"No, Eldrige, it will not require the revelations of eternity to convince me why the Church is cankered, worm-eaten and corrupt. I verily believe I can give you the reason this minute: it is because its advocates are hearers of the Truth, but not followers of it. Over there in Christian Edgerly men and women profess to follow Christ, and in their hearts they know that they stop with the professing. Not one man in ten will read the words of Christ and admit that they can be taken as a rule of life and conduct.
"'Whatsoever ye would that men should do unto you do ye even so to them.'
"Where is the man who does this? The poor, the needy, the suffering, the down-trodden, the unfortunate, they circle the globe, they are in every land, every clime, every city, town and hamlet; the voice of their cries by day and their groanings by night is never still; naked, they are not clothed; hungry, they are not fed; thirsty, they are not given drink; and these are 'the others.' Where is the man who does unto them as he would be done by? Do you? Do I?
"And where is the man who loves his neighbor as himself? Where would be the stress and strife of life, the wear and tear, the wrangle and scramble, the heartache and crime, the murder and suicide, if this precept were followed? Where would be all this agitation about labor and capital, the piling up of wealth on one hand and biting poverty on the other, if men--Christian men--loved their neighbors as themselves? Wise men of our generation are trying to devise ways and formulate plans to regulate the differences and disagreements among men; but even the reformers disagree among themselves and dissensions grow greater from year to year. Do men think that they are wiser than God? Do they think that if there is a better way Christ would have failed to tell us about it? Yet we are deaf to the simple words of the divine Teacher, the grandest precept ever given, the one and only panacea for the world's discord, 'Love thy neighbor as thyself.'"

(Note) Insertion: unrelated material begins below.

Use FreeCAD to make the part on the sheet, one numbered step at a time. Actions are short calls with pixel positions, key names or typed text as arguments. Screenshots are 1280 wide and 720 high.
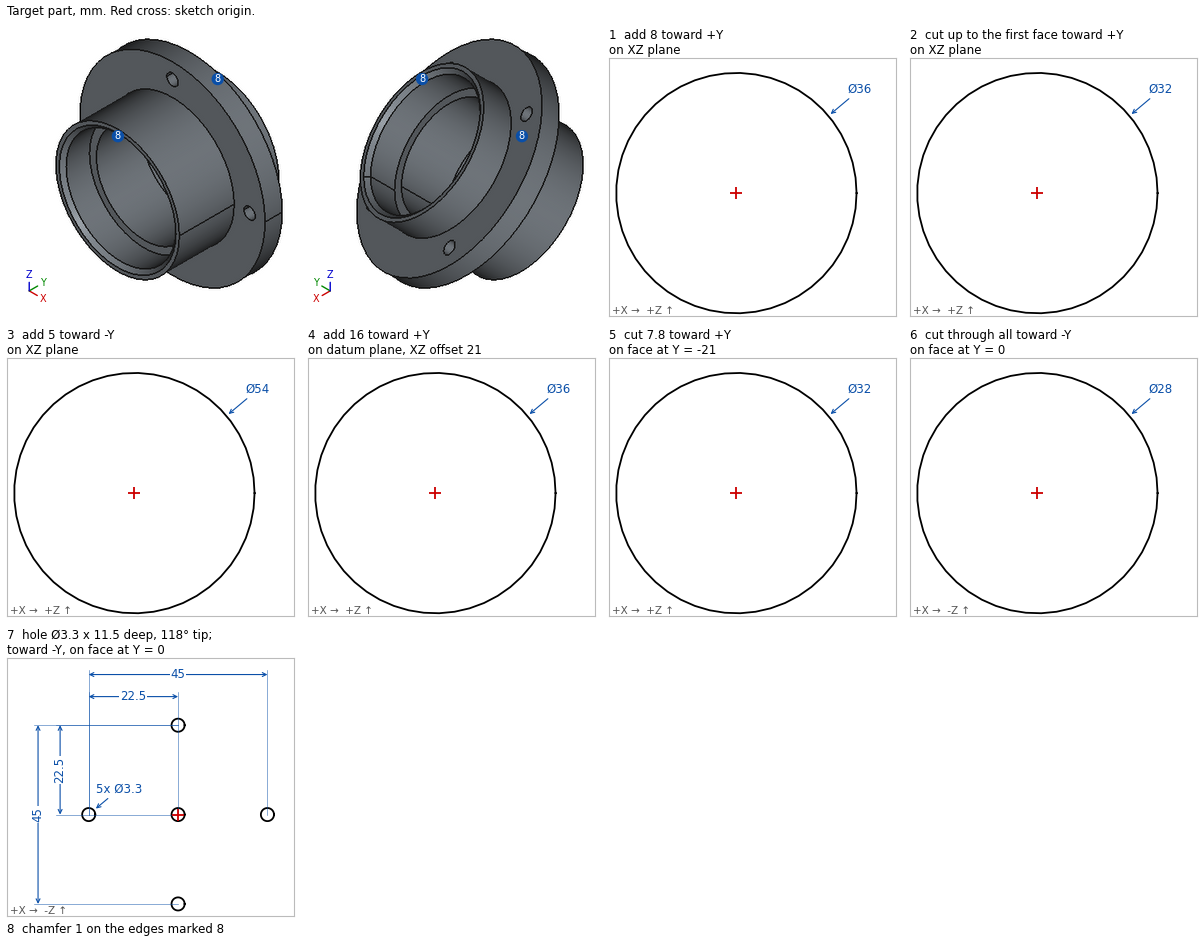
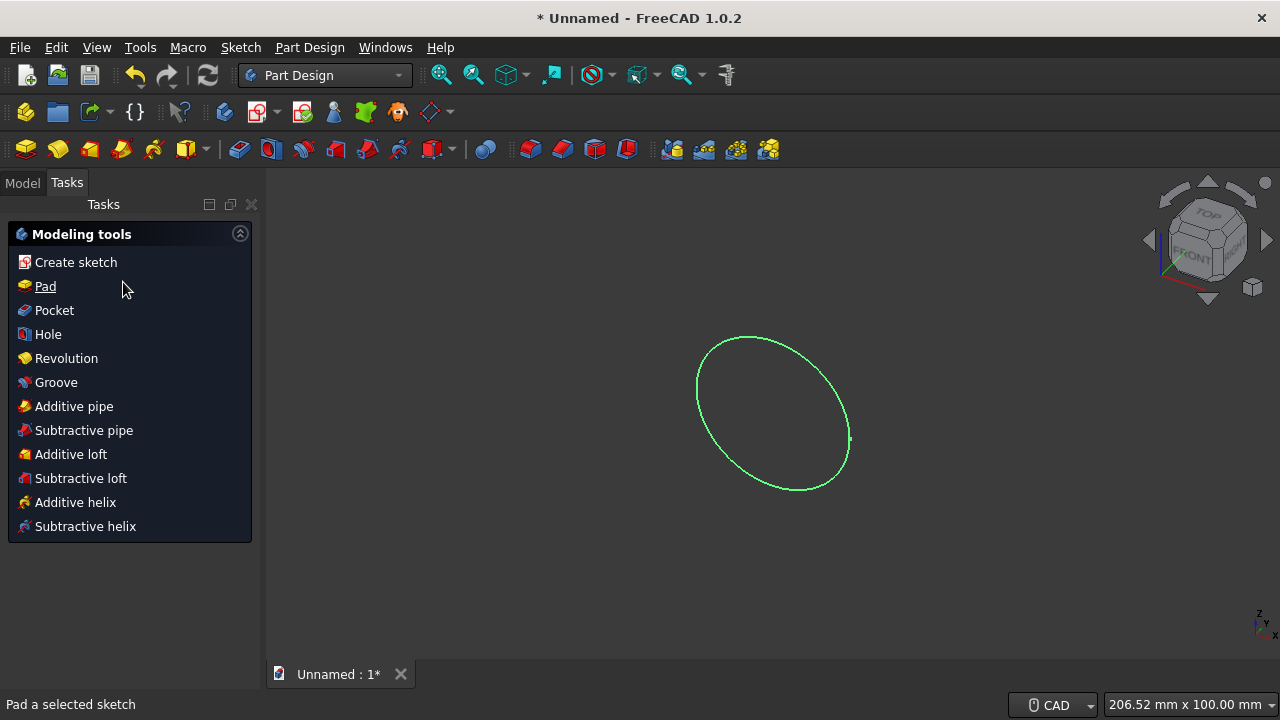
click(26, 150)

"If only the world had such a religion as that, Max, Christianity would be Christian."
"And Christianity never will be Christian until men believe what they profess to believe. I am not much of a Bible scholar, I was brought up to reverence the Bible, not to read it, but I know that we are told that faith without works is dead. There is faith enough in the world, if it were alive, to save the world--but it is dead, dead and buried, and the devil is dancing to his hornpipes over its burial place--the opaque hearts of men. A general may fight a battle with an army of men, if they are alive--but if they are dead, dead in the trenches, they will not put up much of a fight. Yet the absurdity of fighting a battle with dead men is not greater than the inconsistency of a religion with a dead faith.
"I have not yet learned to understand the scientific principle back of the kind of religion that has been at work on this Flat; but I know that the faith of a grain of mustard seed would remove mountains of sin and crime and unholy desire from our land. A grain of mustard seed is alive, pregnant; given favorable conditions it will expand and increase, and flower and produce again, demonstrating the power of the Invisible. This work here on this Flat started from a grain of mustard seed; a grain sown and tended and watered and tilled by a woman's hand. And the Christian city and the stately church marvel that God has given the increase. You and I have special cause to honor this woman and her work, Eldrige, and we both owe her an endless debt of gratitude."
Again their hands met in silent companionship. Then Max arose. "I am afraid we have forgotten the ladies," he said. "Let us go and join them in the garden."
The doctor followed his friend, and he no longer felt that he failed to understand him; he was just an honest man, nothing more--nothing less.